We finish the analysis by looking at individual economically high cost events
# Find events with economic cost in billions
billion_list<-which(sdata$propdmgexp=="B")
data_billions<-sdata[billion_list,]
max<-which.max(data_billions$propdmg)
data_billions[max,]
## evtype bgn_date fatalities injuries propdmg propdmgexp
## 605953 FLOOD 1/1/2006 0:00:00 0 0 115 B
## cropdmg cropdmgexp proptotaldmg croptotaldmg totaldmg
## 605953 32.5 M 460 162.5 622.5
## Sort the events with a billion dollar cost
data_billions_ordered<-arrange(data_billions,as.numeric(data_billions$propdmg))

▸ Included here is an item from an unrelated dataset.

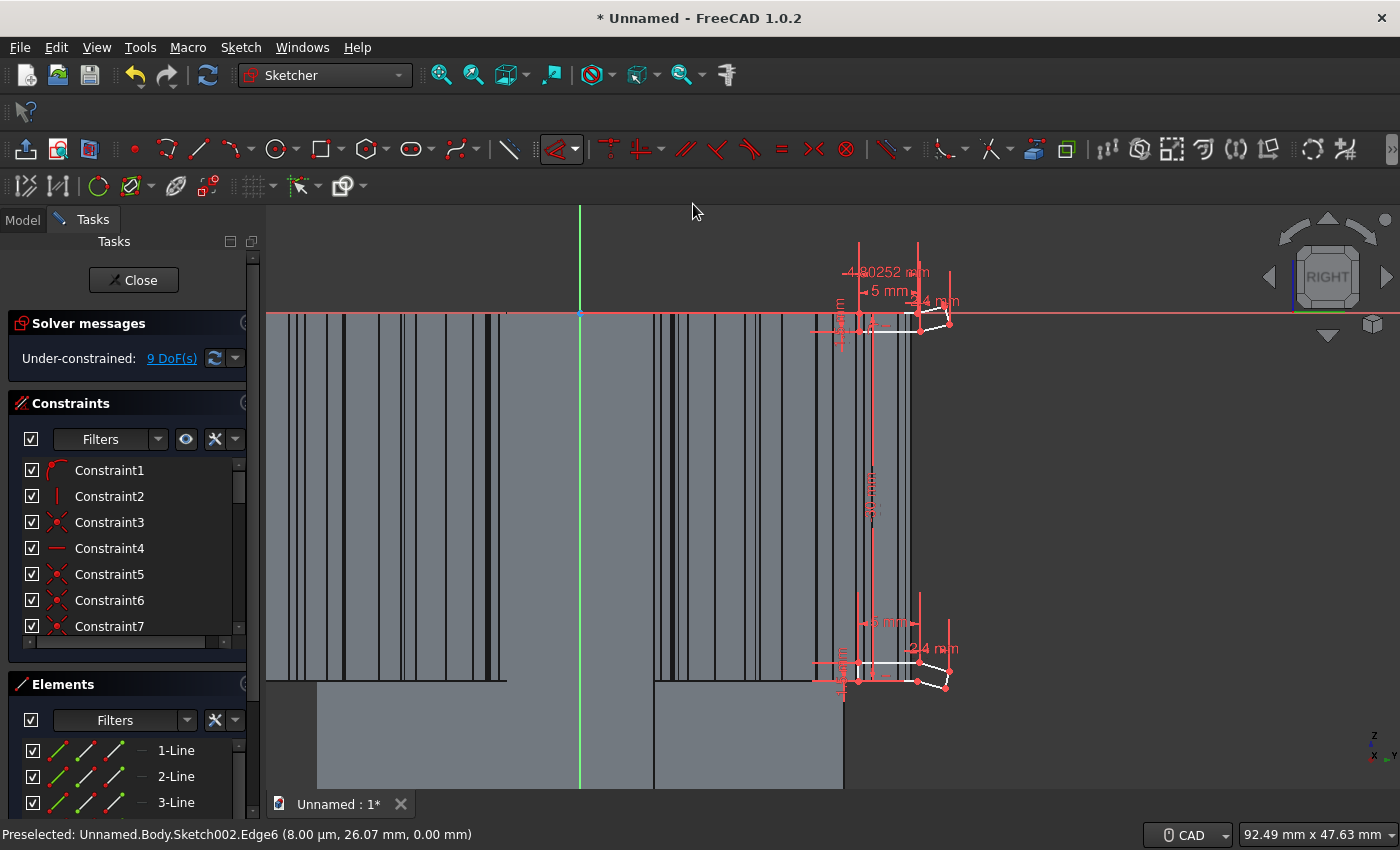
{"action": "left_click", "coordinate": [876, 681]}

# Inspect the most expensive events
tail(data_billions_ordered)
## evtype bgn_date fatalities injuries propdmg
## 35 HURRICANE/TYPHOON 8/28/2005 0:00:00 0 0 7.35
## 36 HURRICANE/TYPHOON 10/24/2005 0:00:00 5 0 10.00
## 37 STORM SURGE 8/29/2005 0:00:00 0 0 11.26
## 38 HURRICANE/TYPHOON 8/28/2005 0:00:00 0 0 16.93
## 39 STORM SURGE 8/29/2005 0:00:00 0 0 31.30
## 40 FLOOD 1/1/2006 0:00:00 0 0 115.00
## propdmgexp cropdmg cropdmgexp proptotaldmg croptotaldmg totaldmg
## 35 B 0.0 29.40 0.0 29.40
## 36 B 0.0 40.00 0.0 40.00
## 37 B 0.0 45.04 0.0 45.04
## 38 B 0.0 67.72 0.0 67.72
## 39 B 0.0 125.20 0.0 125.20
## 40 B 32.5 M 460.00 162.5 622.50
We see that the California floods of 2006 and Hurrican Katrina in August 2005 were the most expensive recent events.